STP problems are most often evidenced by the existence of a bridge
loop. Troubleshooting STP involves the identification and prevention of such
loops.
The primary function of the spanning-tree algorithm (STA) is to
remove loops created by redundant links in bridged networks. The STP operates
at Layer 2 of the OSI mode, exchanging BPDUs between bridges, and selecting the
ports that will eventually forward or block traffic. If BPDUs are not being
sent or received over a link between switches, the role of the protocol in
preventing loops may fail. Troubleshooting the resulting problems can be
difficult in a complex network.

Any
condition that prevents BPDUs from being sent or received can result in a
bridge loop.
Here is an explanation of how those conditions may
occur.
Duplex Mismatch
Duplex mismatch on a point-to-point
link is a common configuration error and can have specific implications for
STP. The results of the mismatch will vary some by platform.
There are
two common mismatch scenarios between switches and their resulting STP
problems:
-
Switch configured for full duplex connected to a host in autonegotiation
mode – The rule of autonegotiation is that upon negotiation failure, a port
is required to assume half-duplex operation. This creates a situation where
there is either no connectivity, or inconsistent connectivity between the two
devices as one side of the connection defaults to half duplex mode and the
other side is set to full duplex operation. In many cases this condition will
allow traffic to flow at low data rates, but as the traffic level increases on
the link, the half duplex side of the link will be overwhelmed causing data and
link integrity errors. As the error rate goes up BPDUs may not successfully
negotiate the link.
-
Switch configured for half duplex on a link, the peer switch is
configured for full duplex – In the example
, the
duplex mismatch on the link between bridge A and bridge B can lead to a bridge
loop. Because B is configured for full duplex, it does not perform carrier
sense when accessing the link. B will then start sending frames even if A is
already using the link. This is a problem for A, which detects a collision and
runs the backoff algorithm before attempting another transmission of its frame.
The result is that frames, including BPDUs, sent by A may be deferred or
collide and eventually be dropped. Because it does not receive BPDUs from A,
bridge B may loose its connection to the root. This will cause B to unblock its
port to bridge C, thereby creating the loop.

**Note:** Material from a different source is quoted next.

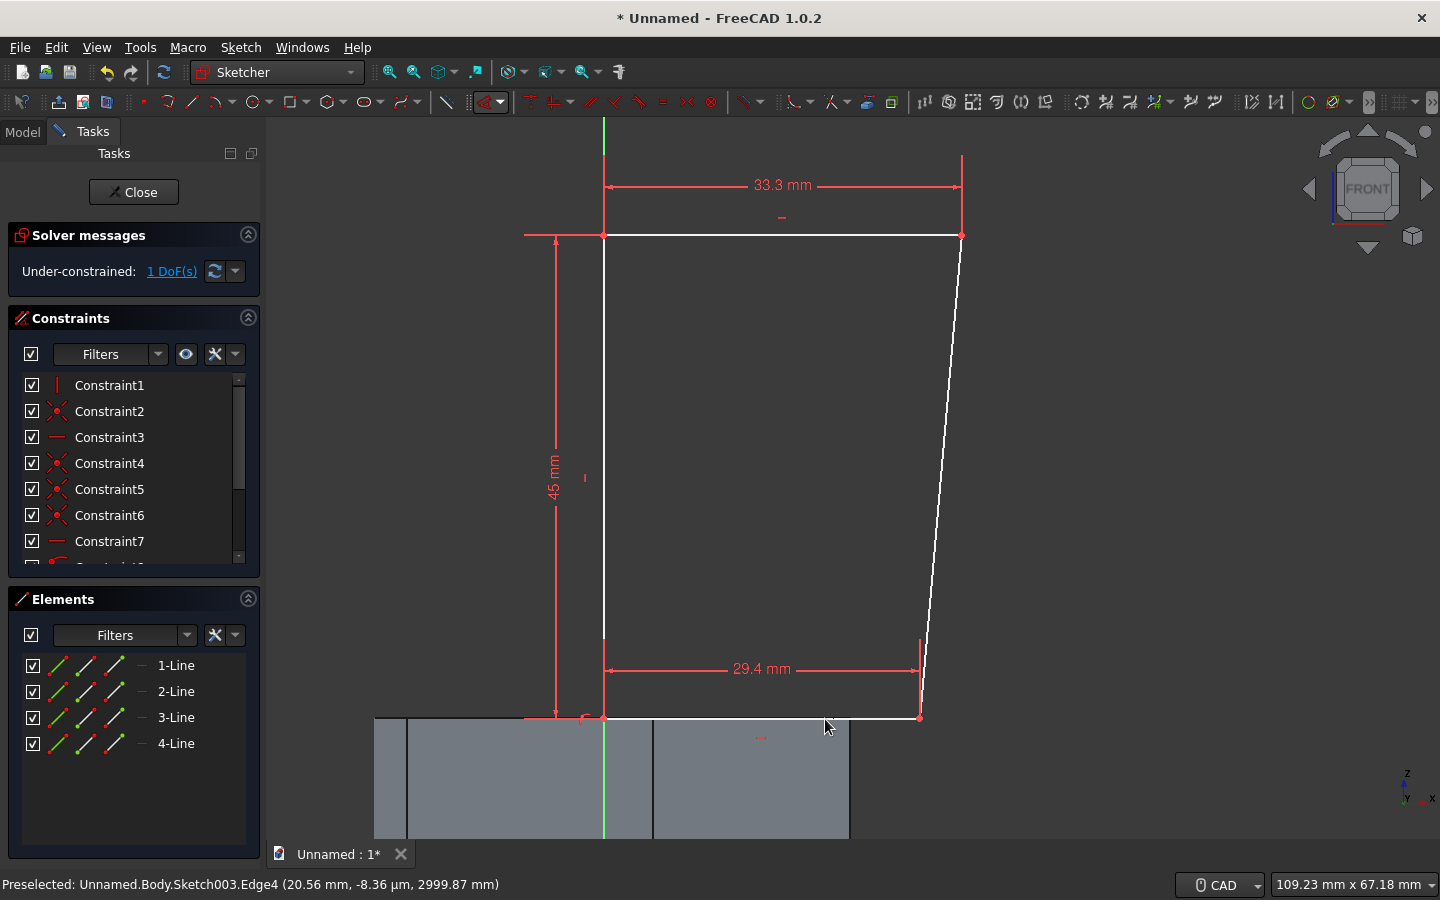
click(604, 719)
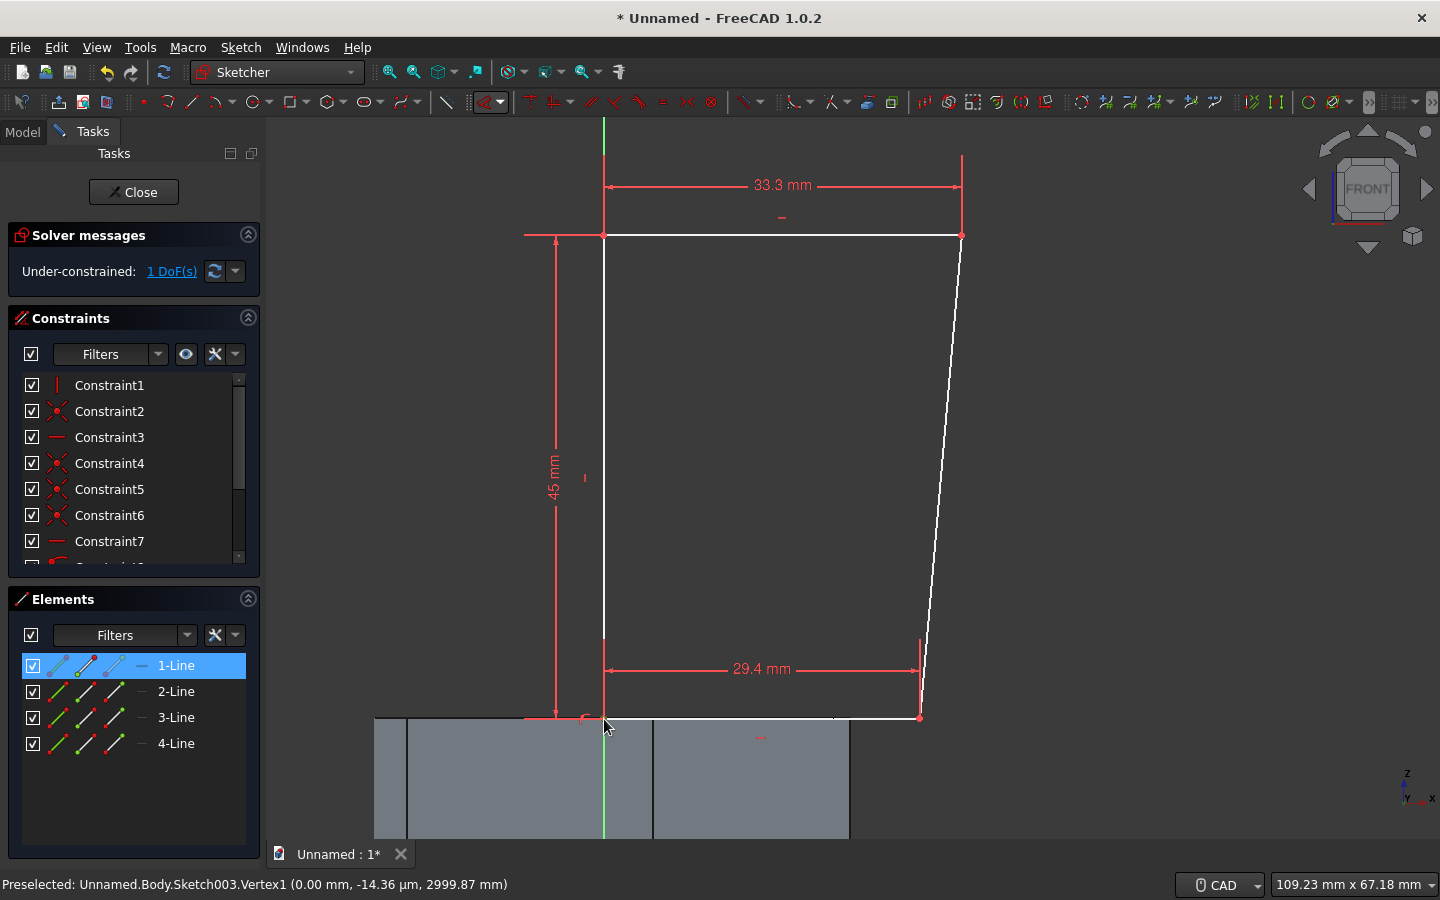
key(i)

To mitigate transmission type mismatches, the best practice is to
establish a standard within the organization regarding how each interface is
configured prior to attaching it to the network. It is not always possible to
disable autonegotiation on all attached client devices, but where possible,
network infrastructure devices and servers should have matching transmission
type settings and no switch ports should be set to autonegotiate. This will
make it easier to troubleshoot these types of issues.
Unidirectional
Link Failure
A unidirectional link is one that stays up while providing
only one-way communication. Unidirectional links cause specific STP problems.
In the example
, the link
between bridge A and bridge B is unidirectional and drops traffic from A to B
while transmitting traffic from B to A. Suppose the port on bridge B was
blocking. A port will block only if it receives BPDUs from a bridge with a
higher BID. In this case, all the BPDUs coming from bridge A are lost so bridge
B will never see the BPDU with the higher BID. B will unblock the port and
eventually forward traffic, potentially creating a loop when other switches are
in the scenario. If the unidirectional failure exists at startup, the STP will
not converge correctly.
Frame Corruption
Frame corruption can
occur from duplex mismatch, bad cables, or incorrect cable length and lead to
an STP failure. If a link is receiving a high number of frame errors, BPDUs can
be lost. This may cause a port in blocking state to transition to forwarding.
In 802.1D, if a blocking port does not see any BPDUs for 50 seconds, it would
transition to the forwarding state. If a single BPDU was successfully
transmitted it would break the loop. This problem would be most likely if STP
timing parameters, such as the max_age value setting, had been adjusted too
low.
Resource Errors
STP is implemented in software. This
means that if the CPU of the bridge is over utilized, the switch may lack the
resources to send out or to receive BPDUs in a timely manner. Lack of BPDUs can
cause ports to transition from blocking to forwarding when they should not
transition. This can result in loops forming in the network.
The STA,
however, is not processor-intensive and has priority over other processes.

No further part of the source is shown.